The characters are equally substantial- the book has a wide cast and I’m impressed by how well Ms. Bardugo handles the secondary characters. Each one has a bit of backstory and at least one intriguing detail that makes me want to know more, but none of them steal the spotlight from Alina Starkov. Alina is the protagonist- a girl who, in the middle of a horrifying military assignment, discovers she has a remarkable power. Alina is a beautiful blend of ordinary and extraordinary. She’s tough, smart, and caring. She’s secretly in love. She gets scared and overwhelmed and makes mistakes. Most importantly, she picks up the pieces of the disaster, goes after what she wants, and willingly pays the price for loving someone. Alina is unique not because she’s an abnormal human, but because she’s fully human. Ms. Bardugo makes both Alina and Mal unique characters by showing their humanity and putting it to the test. Alina and Mal are wonderfully memorable, and I found myself terrified that things would go horribly wrong for them and unfailingly hopeful that they would come out in the end whole and together.
The complexity of the plot is an organic outgrowth of the world Ms. Bardugo built. A Russian-flavored culture, complete with mysterious Grisha, wastelands and palaces, a gritty military presence, and all the extravagance of the magical elite, provides a complex and fascinating backdrop for the equally complex plot. The story wasn’t confusing or fragmented by tangential plotlines- the complexity was the natural outcome of a fully-realized world in which characters have multiple motives. The bad guys don’t all want the same thing. The good guys aren’t all in agreement about everything. A mysterious and primal antagonist makes the reader question which is which. High stakes and international ripple effects add to the complexity. I couldn’t guess the ending, and I normally have at least a good idea of what happens. The plot of Shadow and Bone simply has substance- intriguing, richly-textured worldbuilding makes it real, and solid escalation of the main conflict intensifies the story beautifully.

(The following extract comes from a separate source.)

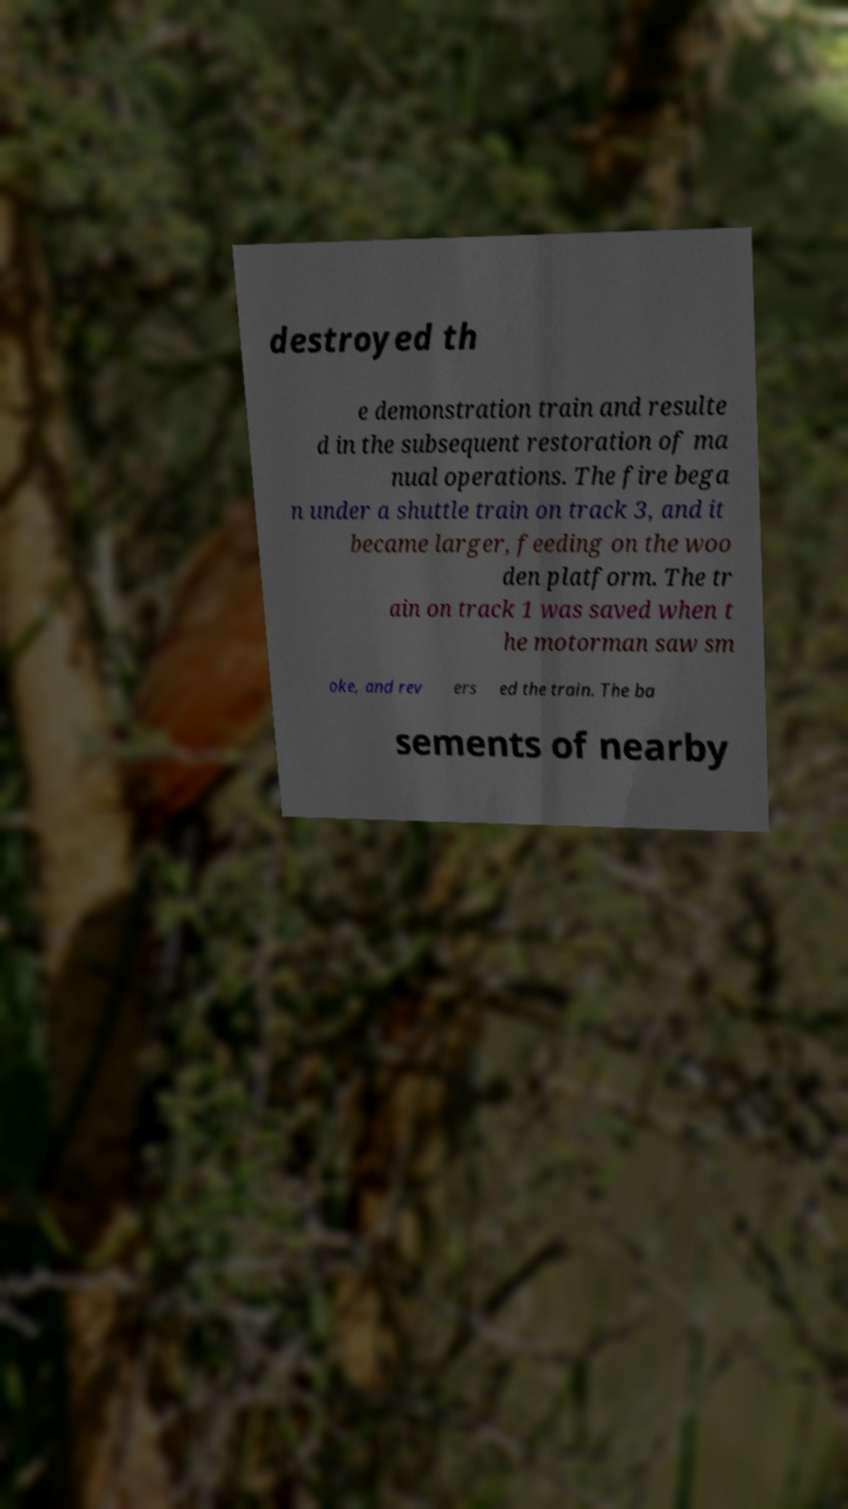Can you read and provide the text displayed in the image?This photo seems to have some interesting text. Can you extract and type it out for me? destroyed th e demonstration train and resulte d in the subsequent restoration of ma nual operations. The fire bega n under a shuttle train on track 3, and it became larger, feeding on the woo den platform. The tr ain on track 1 was saved when t he motorman saw sm oke, and rev ers ed the train. The ba sements of nearby

Theme is, to my writer and English teacher self, the natural effect of a well-shaped story and deeply human characters. What those characters do and who they are can explore the toughest ideas and show the most challenging truths. Shadow and Bone handles theme remarkably well, allowing the profoundness of the subject matter and the humanity of the characters to bring out ideas and truths of life with subtlety and strength. Shadow and Bone contains a world of ideas. From self-sacrifice to the treachery of beauty, the themes are like its world and its characters: deep, substantial, and true to life.